Alice snorts. “Too much wine and too much wallowing. She’s thinking about Marlene.”
James nods slowly. “I wish…”
“I know.” Alice bumps her shoulder against James’s. “I wish.” Their lives are so different than they had planned, all of them. She usually doesn’t mind, but being here with her friends, as they pretend they can pretend things are normal, gives her a glimpse of that other life. The one where Harry and Neville play together all the time. The one where Marlene is alive and gets to marry Dorcas. The one where Frank’s silence holds nothing worse than daily troubles. The one where she is as fearless as she now pretends to be.
James picks up Harry and makes noises at him to the boy’s delight. Alice marvels that the same boy who less than five years ago turned the raisins in her scone into ants is now a doting father. And a good one. Overcome with a wave of affection, she puts an arm around him. “It’s good to see you, James.”
__________
Peter isn’t nervous. He isn’t. He’s not nervous, he’s not ashamed. He’s enjoying the party as much as he can. He’s talking to Remus, then to Sirius, planting different doubts in each one’s mind. He talks to Frank and Alice, which is fine. He avoids talking to Lily. The glass in his hand is emptied, then refilled, then quickly emptied again.

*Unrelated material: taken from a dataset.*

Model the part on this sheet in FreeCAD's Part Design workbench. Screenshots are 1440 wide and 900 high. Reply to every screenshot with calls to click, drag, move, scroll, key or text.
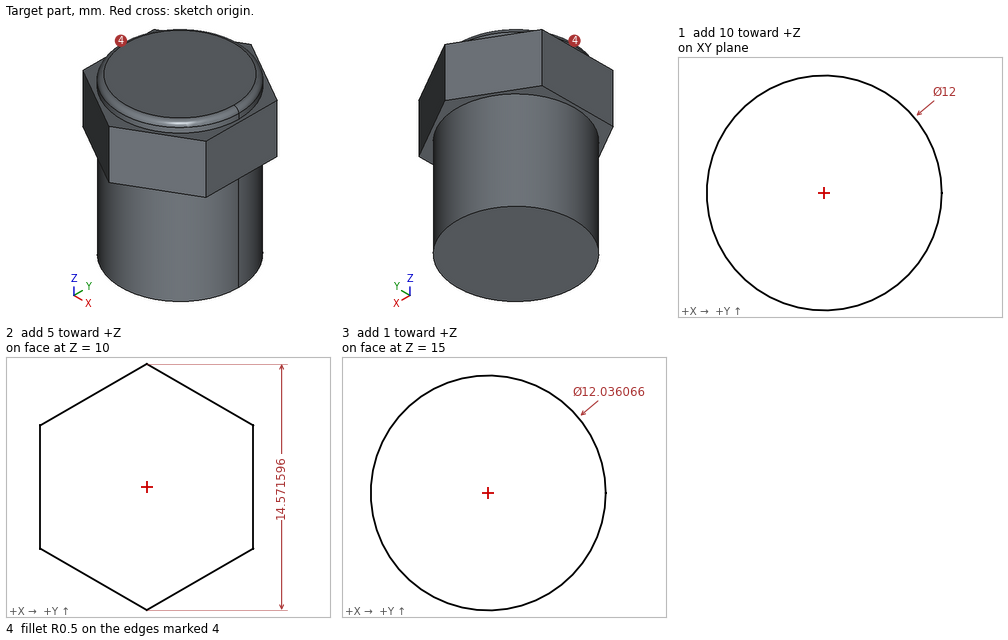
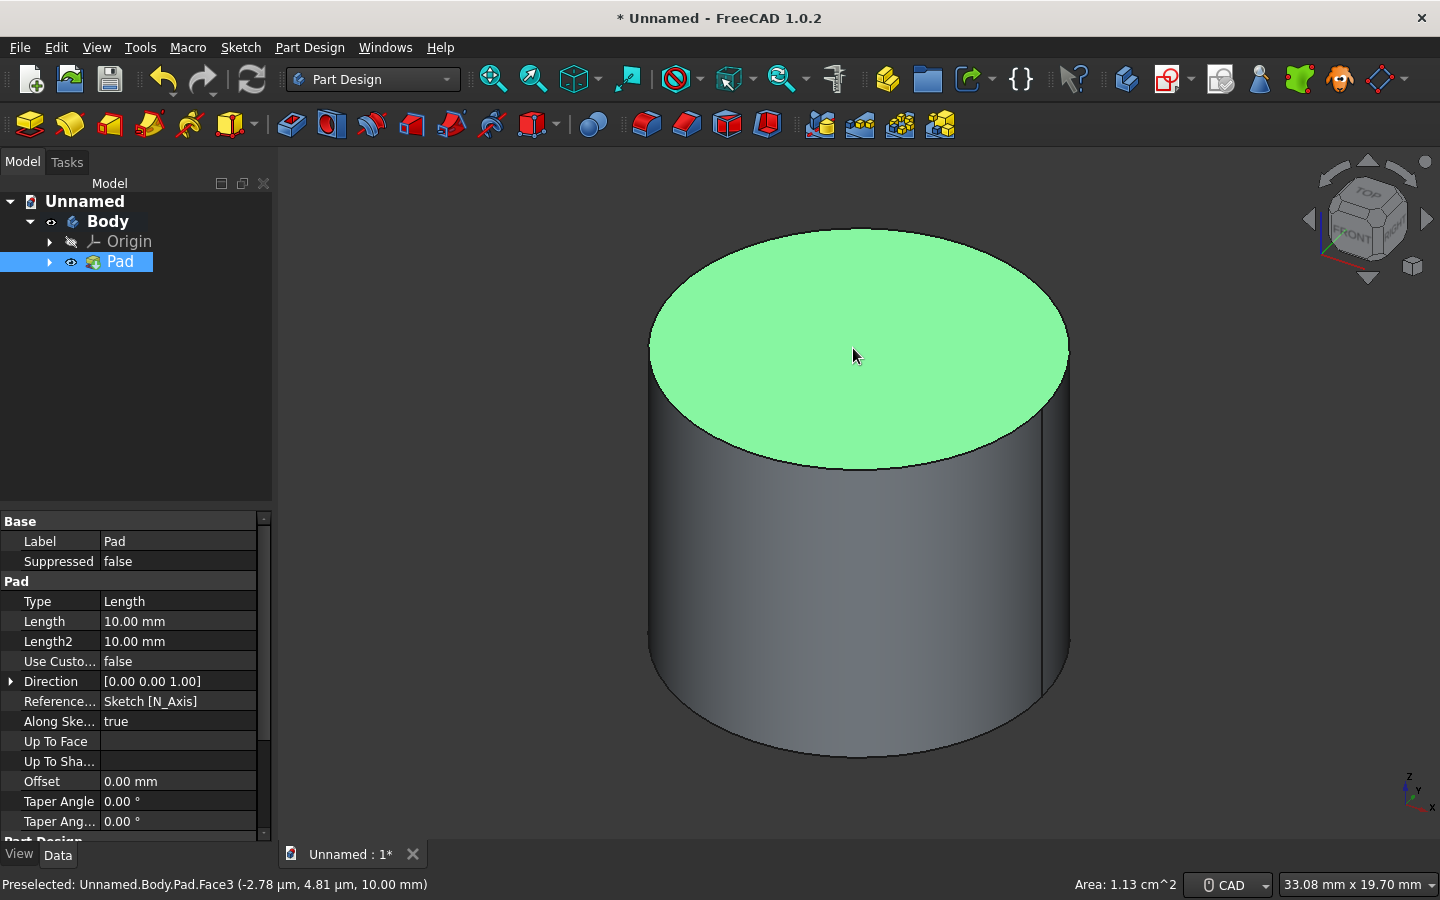
click(1168, 80)

He’s not nervous but the drink isn’t doing its job properly, and that’s annoying. The drink isn’t working, Sirius won’t stand still long enough to listen, and Remus doesn’t seem to hear a single word anyone’s saying. James is being kind. James is happy. Peter pours himself another drink. When will they eat? He needs to sit.
From the dining room, a voice like a gong. Frank. “Dinner is ready!” Peter drifts into a seat, Alice on his left, Remus on his right. He isn’t nervous.